Pero no, no sólo era eso. Hacía tiempo que la ciudad sonreía. No se sabe bien por qué, pero lo hacía más de lo normal. Aquella tarde, sobre las siete, mientras los vecinos esperaban pacientemente en su comprensible excitación la entrada en el puerto de La Giralda, la ciudad parecía alegre, jovial, fiestera. Se había lavado bien la cara y vestía un ánimo jacarandoso para recibir como se merecía al rey en su yate.

Aquel verano inauguraban una nueva distinción, una grandeza estacional: la de acoger las vacaciones reales. Hacía casi un año que el alcalde Lloreda había entregado las despampanantes llaves del palacio de la Magdalena a los monarcas. Estaban forjadas de oro y platino, con incrustaciones de brillantes y rubíes para resaltar sus iniciales. Era el regalo del pueblo a su rey. Un regalo que se costeó por suscripción popular y en tiempo récord. Un regalo que debía atraer riqueza y alcurnia, nobleza e influencia a algunas de sus gentes.

Aunque todos se sentían importantes. Desde las autoridades hasta los hijos huérfanos del muelle y las dársenas. Desde los orgullosos empleados del banco hasta los comerciantes textiles y los dueños de las tabernas, de los marineros a los clérigos, las señoras distinguidas y esnobs pero también las beatas. Desde los encargados del puerto hasta las pescaderas, con María Casovalle, la Chata y su corte salida de la plaza de las Atarazanas, con Paulita a la cabeza, en primera fila, ante la comitiva popular. Bien guapas se habían puesto, bien limpias y perfumadas, como se suponía que debían presentarse quienes a partir de entonces iban a ser proveedoras de palacio.
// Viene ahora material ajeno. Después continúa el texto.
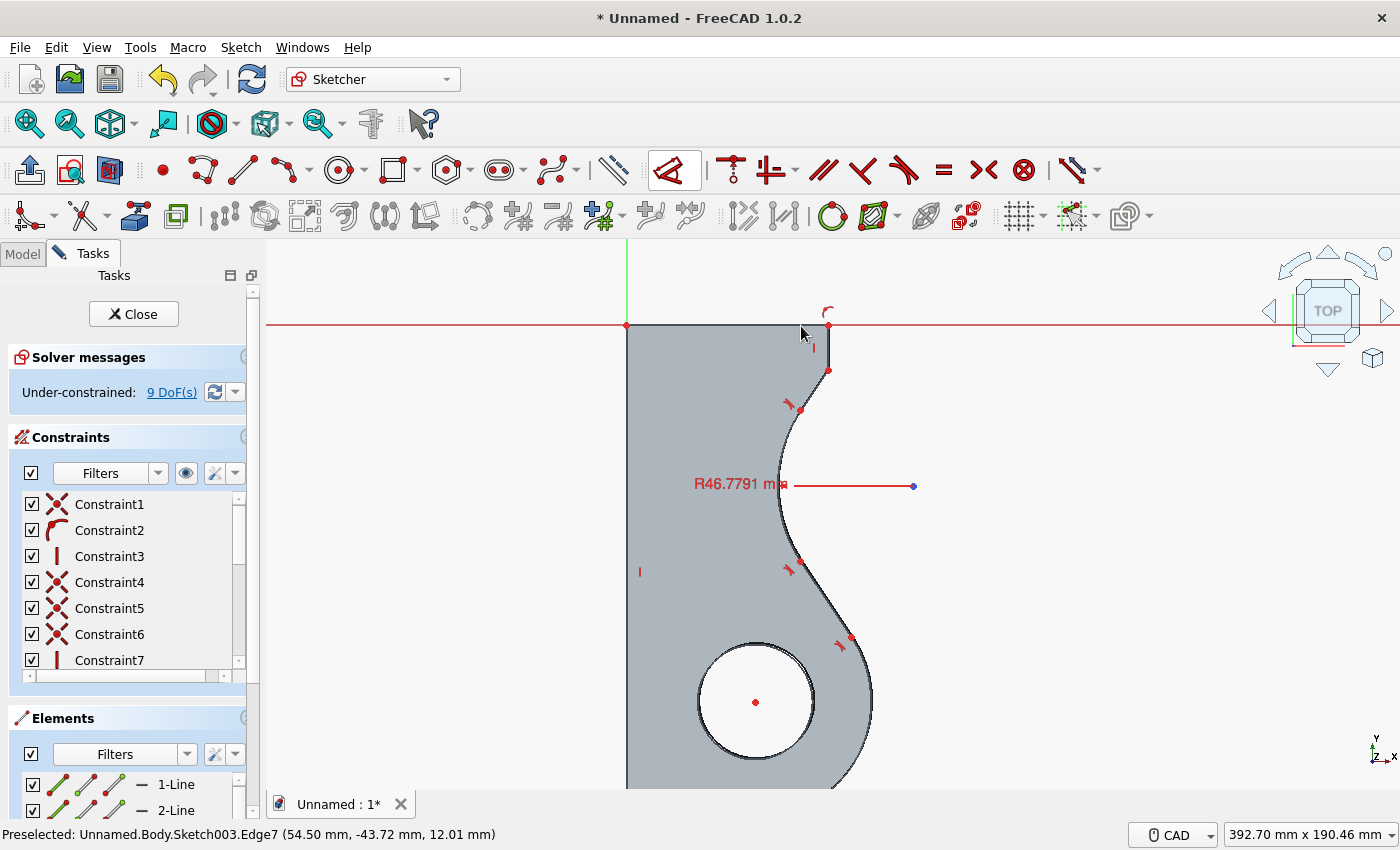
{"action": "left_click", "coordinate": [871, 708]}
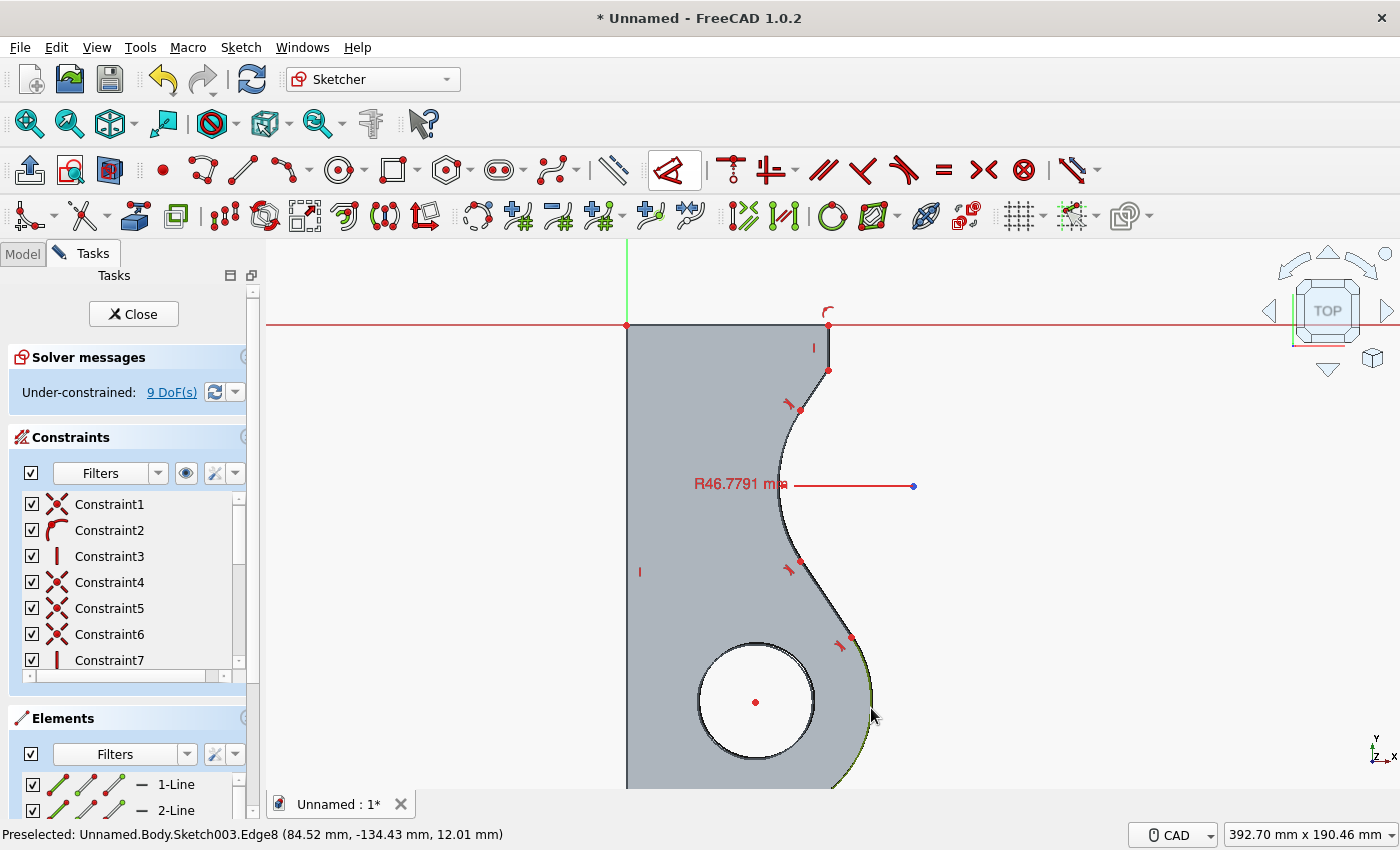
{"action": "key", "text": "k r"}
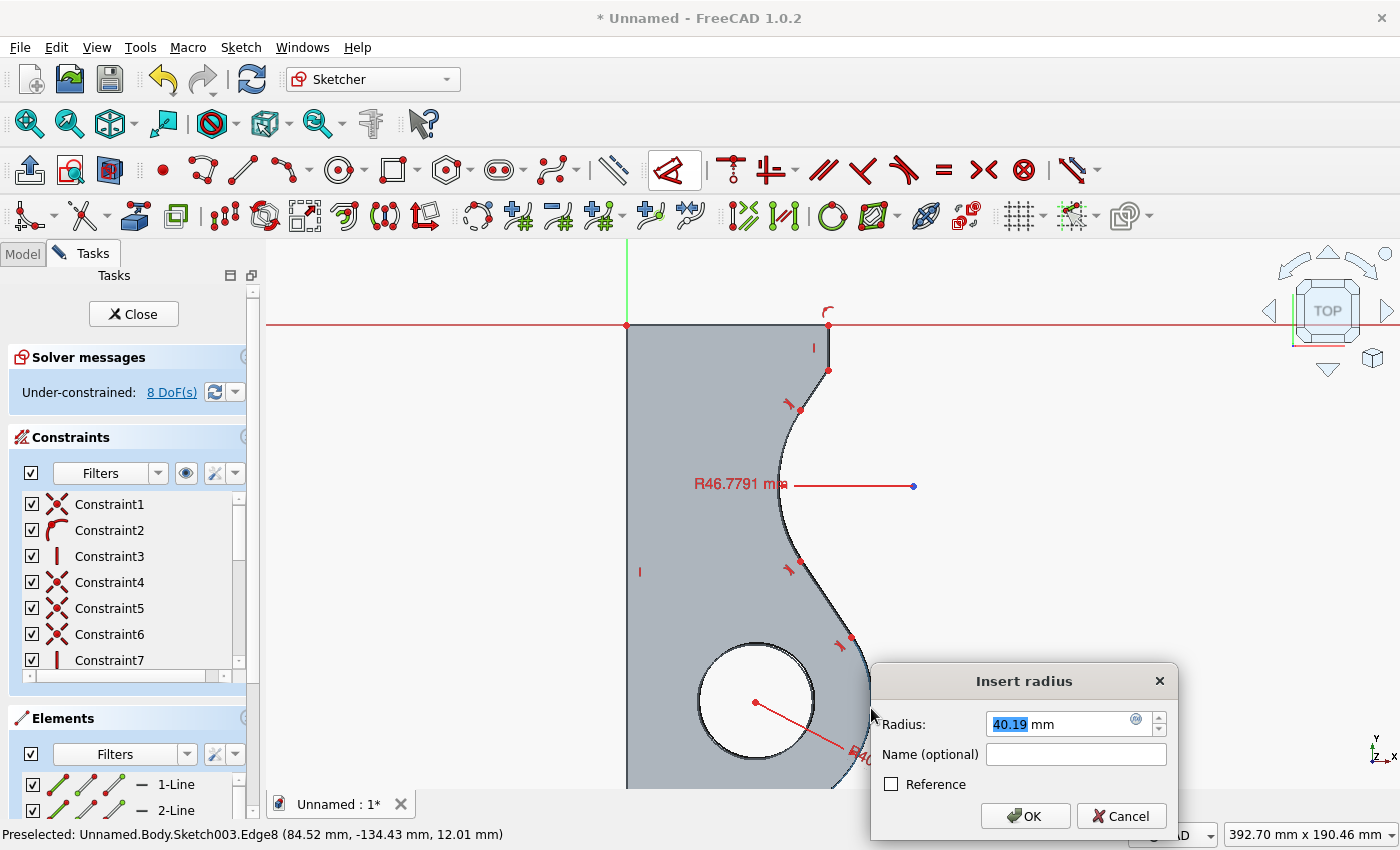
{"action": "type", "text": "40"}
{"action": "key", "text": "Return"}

No faltaban al borde del muelle todos aquellos que habían construido el sitio de la Magdalena: los carpinteros, los albañiles, fontaneros, los marmolistas, cristaleros, jardineros y los aparejadores encargados de acabar en poco más de tres años aquel lugar egregio, situado en el mejor paraje de la costa, asentado en la península que cortaba la vista del horizonte y saludaba a todos los barcos que entraban en la bahía. Allí fue donde levantaron su proyecto los dos jóvenes arquitectos elegidos para desarrollarlo: Gonzalo Bringas y Javier González de Riancho.

La ciudad se había paralizado para recibir al rey. Raro era el balcón que no había colgado en sus barandillas una bandera. Por toda la calle, por los cafés, por las plazas, se respiraba esa euforia monárquica que desanimaba a los menos adictos y atufaba a quienes no confiaban en la gracia divina de las dinastías. Aquel día no era suyo, aquel día mejor callarse y aguantar el chaparrón de un inmerecido baboseo general, de una sumisión no se sabe bien a qué tradiciones, creían muchos. Aunque con la certeza de estar en minoría.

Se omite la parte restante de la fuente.